Цветы оставались в их доме. Цветы и иконы.
Та сила разрушения, которая пылала в Одри, та сила любви ее только к отцу сделали ее безразличной по отношению ко всему, что происходило вокруг, но особенно проницательной по отношению к тому, что происходило в их семье. Сначала она хотела как можно сильнее очернить маму в папиных глазах. Но вскоре почувствовала, что в этом нет нужды, потому что папа и сам сторонится мамы и как-то темнеет, если мама обнимает его на людях или прижимается к нему, когда они сидят на диване и смотрят телевизор. Он уже не закидывал руку ей на плечо и не гладил ее по колену, как это бывало раньше. Но самым неожиданным было то, что папа все чаще и чаще оставался спать в своем кабинете на первом этаже, и теперь у Одри появилась возможность, о которой она раньше всегда мечтала: спать на большой кровати вместе с мамой, чтобы не бояться тех сгнивших людей, которые часто входили во сне, пугая ее так, что редкую ночь она не кричала от страха. Возможность спать с мамой теперь появилась, но Одри не пользовалась ею, и мама спала совершенно одна в большой пышной белой кровати, а утром пугалась, что все проспала, накраситься не успевала, в машину садилась помятая, бледная, зажавши в губах сигарету.

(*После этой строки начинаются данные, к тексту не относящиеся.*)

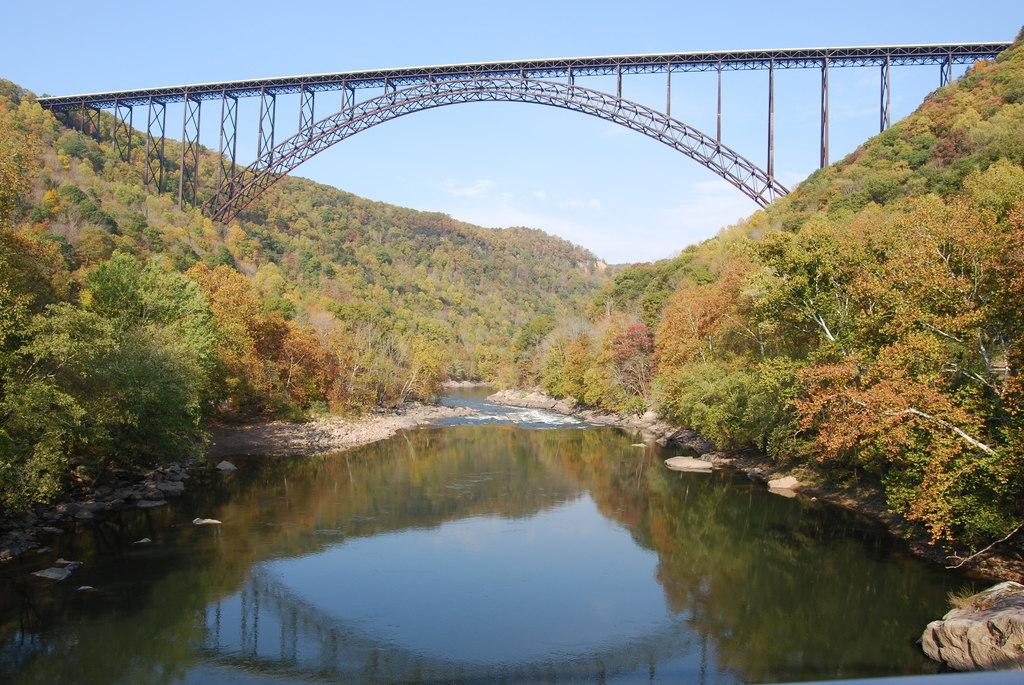What type of structure can be seen in the image? There is a bridge in the image. What type of natural environment is visible in the image? There are trees, hills, water, and rocks visible in the image. What is visible in the sky in the image? The sky is visible in the image, and there are clouds present. What type of letter is being delivered by the society in the image? There is no reference to a letter or society in the image.

Но иногда Адриана все же не выдерживала и начинала кричать, требуя от дочери то одного, то другого. Одри убегала в уборную, садилась на закрытую крышку унитаза, складывала ладони ковшиком и, обратив глаза вверх, громко просила Деву Марию взять ее к себе. Родители распахивали дверь и застывали на пороге с перекошенными лицами. Одри знала, что делала. Она напоминала им то время, которое они и так не могли забыть. Это было семь лет назад. Опухоль ее стала вдруг стремительно расти. Порт над левой ключицей, через который вводили лекарство, инфицировался, и поэтому назначили химиотерапию в виде больших ярко-желтых таблеток. Четыре таблетки в неделю. Она не могла проглотить ни одной. Ее выворачивало до крови.
– За каждую буду тебе покупать что хочешь! Ну, сделай усилие! – Отец орал так, что весь дом содрогался.
Она, умоляюще глядя, проглатывала. И тут же ее вырывало.